The Pittsburgh GABIL [144] and GAssist [13] use decision lists and often evolve default rules spontaneously (e.g. a fully general last rule). Bacardit found that enforcing a fully general last rule in each ruleset in GAssist (and allowing evolution to select the most useful class for such rules) was effective [13].

In Michigan systems default/exception structures are called default hierarchies. Rule specificity has been used as the criterion for determining which rules are exceptions and accordingly conflict resolution methods have been biased according to specificity. There are, however, many problems with this approach [258]. It is difficult for evolution to produce these structure since they depend on cooperation between otherwise competing rules. The structures are unstable since they are interdependent; unfortunate deletion of one member alters the utility of the entire structure. As noted they complicate credit assignment and conflict resolution since exception rules must override defaults [299,258]. There are also problems with the use of specificity to prioritise rules. For one, having fewer #s does not mean a rule actually matches fewer inputs; counting #s is a purely syntactic measure of generality. For another, there is no reason why exception rules should be more specific. The consequence of these difficulties is that there has not been much interest in Michigan default hierarchies since the early 1990s (but see [285]) and indeed not all Michigan LCS support them (e.g. ZCS [300], XCS/XCSF and UCS do not). Nonetheless, the idea should perhaps be revisited and an ensembles perspective might prove useful.

Other Representations for Conditions and Actions

A great range of other representations have been used, particularly in recent years. These include VL

logic [206] as used in GIL [140], first-order logic [203,204,205], decision lists as used in GABIL [144] and GAssist [13], messy encoding [172], ellipses [51] and hyperellipses [57], hyperspheres [200], convex hulls [187], tile coding [177] and a closely related hyperplane coding [30,29], GP trees [5,173,174], Boolean networks defined by GP [38], support vectors [198], edges of an Augmented Transition Network [170], Gene Expression Programming [309], fuzzy rules (see §3.6) and neural networks [257,75,259,41,211,76,131,130]. GALE [194,193,197] has used particularly complex representations, including the use of GP to evolve trees defining axis-parallel and oblique hyper-rectangles [197], and evolved prototypes which are used with a k-nearest-neighbour classifier. The prototypes need not be fully specified; some attributes can be left undefined. This representation has also been used in GAssist [13]. There has been limited work with alternative action representations including computed actions [278,186] and continuous actions [308].

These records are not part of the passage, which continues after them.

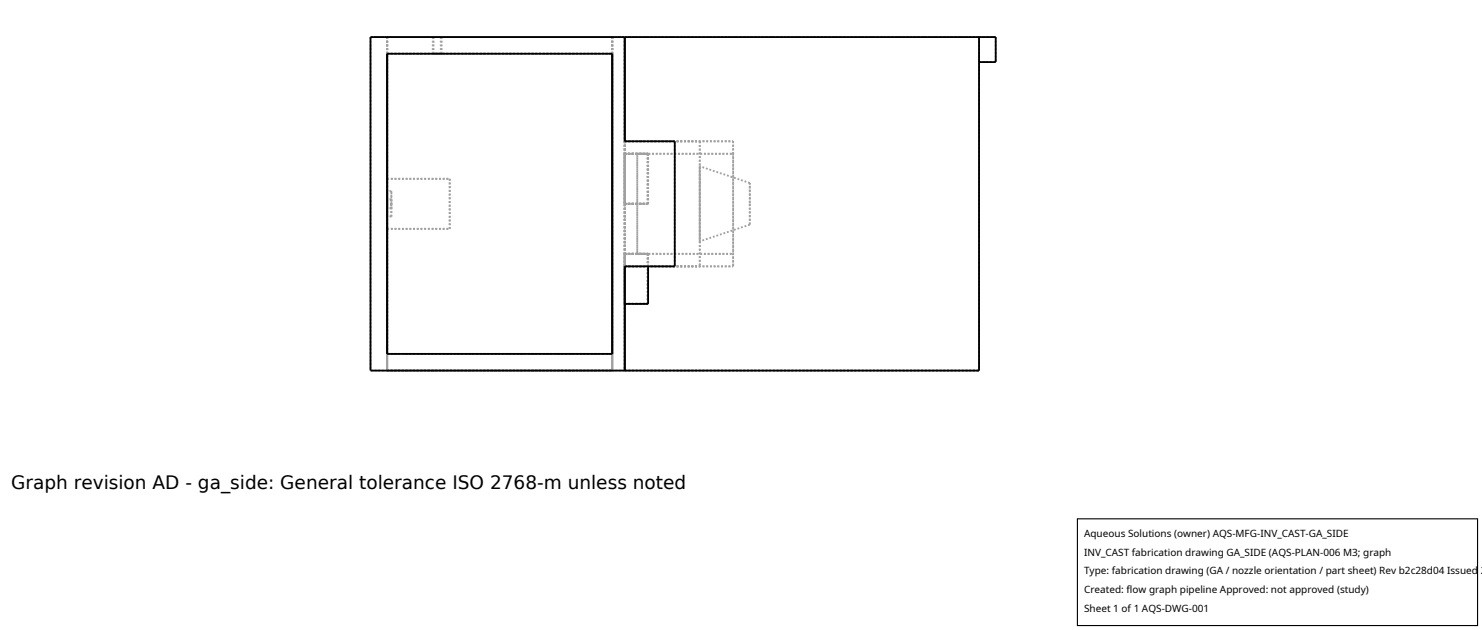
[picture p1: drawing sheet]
<svg xmlns="http://www.w3.org/2000/svg" width="212mm" height="90mm" viewBox="0 0 212 90" stroke-linecap="round" stroke-linejoin="round" font-family="sans-serif">
<defs><g id="words">
<text font-size="2.6" x="1.6" y="69.8">Graph revision AD - ga_side: General tolerance ISO 2768-m unless noted</text>
<g font-size="1.4">
<text x="154.8" y="76.6">Aqueous Solutions (owner) AQS-MFG-INV_CAST-GA_SIDE</text>
<text x="154.8" y="79.3">INV_CAST fabrication drawing GA_SIDE (AQS-PLAN-006 M3; graph</text>
<text x="154.8" y="82">Type: fabrication drawing (GA / nozzle orientation / part sheet) Rev b2c28d04 Issued 2</text>
<text x="154.8" y="84.7">Created: flow graph pipeline Approved: not approved (study)</text>
<text x="154.8" y="87.4">Sheet 1 of 1 AQS-DWG-001</text>
</g>
</g></defs>
<g fill="none" stroke="#a0a0a0" stroke-width=".26" stroke-dasharray=".3 .3" stroke-linecap="butt">
<path d="M52.9 5.3h36.3M52.9 5.3v47.6M55.3 7.7h32.1M55.3 7.7v17.8M55.3 5.3h32.1M55.3 5.3v47.6M55.3 5.3v2.4M61.8 5.3h1.3M61.8 7.7h1.3M61.8 7.7v-2.4M61.9 5.3h1.1M61.9 7.7h1.1"/>
<path d="M61.9 7.7v-2.4M62.4 5.3h-.6M62.4 7.7h-.6M62.4 5.3h-.5M62.4 7.7h-.5M63 5.3h-.6M63 7.7h-.6M63 7.7v-2.4M63.1 5.3h-.7M63.1 7.7h-.7M63.1 7.7v-2.4M87.4 7.7v42.8"/>
<path d="M87.4 5.3v47.6M87.4 7.7v-2.4M87.4 5.3v2.4M89.2 5.3v47.6M89.2 5.3h50.6M89.2 5.3v14.9M89.2 5.3v16.7M139.8 5.3h2.4M139.8 8.9v44M139.8 5.3v3.6M139.8 8.9h2.4M142.2 5.3v3.6"/>
<path d="M55.3 32.7v17.8M55.3 32.7h8.9M55.3 25.5h8.9M55.3 25.5v7.2M55.3 29.1v-1.8M55.3 27.3v3.6M55.3 30.9v-1.8M55.3 29.1v-.6M55.3 28.5v1.2M55.3 29.7v-.6M55.9 29.1v1.8M55.9 30.9v-3.6"/>
<path d="M55.9 27.3v1.8M55.9 29.1v.6M55.9 29.7v-1.2M55.9 28.5v.6M55.9 27.3h-.6M55.9 30.9h-.6M55.9 28.5h-.6M55.9 29.7h-.6M64.2 25.5v7.2M89.2 20.2v23.2M89.2 20.2v17.8M89.2 29.1v-7.1"/>
<path d="M89.2 38v-1.8M89.2 38v14.9M89.2 38h15.5M89.2 20.2h15.5M89.2 29.1v7.1M89.2 36.2h3.3M89.2 29.1h3.3M89.2 22h3.3M89.2 38h7.2M89.2 20.2h7.2M89.2 29.1h3.4M89.2 22h3.4"/>
<path d="M89.2 36.2h3.4M89.2 20.2h10.7M89.2 38h10.7M91 36.2h13.7M91 36.2v-14.2M91 22h13.7M91 22v14.2M92.5 29.1v-7.1M92.6 29.1h-3.4M92.6 22h-3.4M92.6 36.2h-3.4M92.6 29.1v-7.1"/>
<path d="M92.6 38v-1.8M96.4 20.2v17.8M99.9 20.2v17.8M99.9 29.1v5.4M99.9 34.5v-10.8M99.9 23.7v5.4M104.7 38v-1.8M104.7 22v-1.8M104.7 20.2v17.8M104.7 22v14.2M107.1 29.1v3M107.1 32.1v-6"/>
<path d="M107.1 26.1v3M107.1 32.1l-7.2 2.4M107.1 26.1l-7.2-2.4M55.3 50.5h32.1M55.3 52.9h32.1M55.3 50.5v2.4M87.4 52.9v-2.4M87.4 50.5v2.4M89.2 52.9h-36.3M89.2 52.9h50.6M89.2 43.4v-7.2M89.2 43.4v9.5"/>
<path d="M89.2 43.4h3.3M89.2 43.4h3.4M92.5 43.4v-7.2M92.6 43.4h-3.4M92.6 43.4v-7.2"/>
</g>
<path d="M55.3 7.7h32.1v42.8h-32.1zM89.2 5.3v14.9h7.2v17.8h-7.2v14.9M139.8 5.3v47.6h-86.9v-47.6h89.3v3.6h-2.4M92.6 38v5.4h-3.4" fill="none" stroke="#000" stroke-width=".26"/>
<path d="M153.9 74.1h57.1v15.2h-57.1z" fill="#fff" stroke="#000" stroke-width=".16"/>
<use href="#words"/>
</svg>

Evolutionary Selection of Representations

As we have seen there are many representations to chose from. Unfortunately it is generally not clear which might be best for a given problem or part of a problem. One approach is to let evolution make these choices. This can be seen as a form of meta-learning in which evolution adapts the inductive bias of the learner. In [13,14] evolution was used to select default actions in decision lists in GAssist. GAssist's initial population was seeded with last rules which together advocated all possible classes and over time evolution selected the most suitable of these rules. To obtain good results it was necessary to encourage diversity in default actions. In GALE [193] evolution selects both classification algorithms and representations. GALE has elements Cellular Automata and Artificial Life: individuals are distributed on a 2-dimensional grid. Only neighbours within cells interact: two neighbours may perform crossover, an individual may be cloned and copied to a neighbouring cell, and an individual may die if its neighbours are fitter. A number of representations have been used: rule sets, prototypes, and decision trees (orthogonal, oblique, and multivariate based on nearest neighbor). Decision trees are evolved using GP while prototypes are used by a k-nearest-neighbour algorithm to select outputs. An individual uses a particular representation and classification algorithm and hence evolutionary selection operates on both. Populations may be homogeneous or heterogeneous and in [197] GALE was modified to interbreed orthogonal and oblique trees.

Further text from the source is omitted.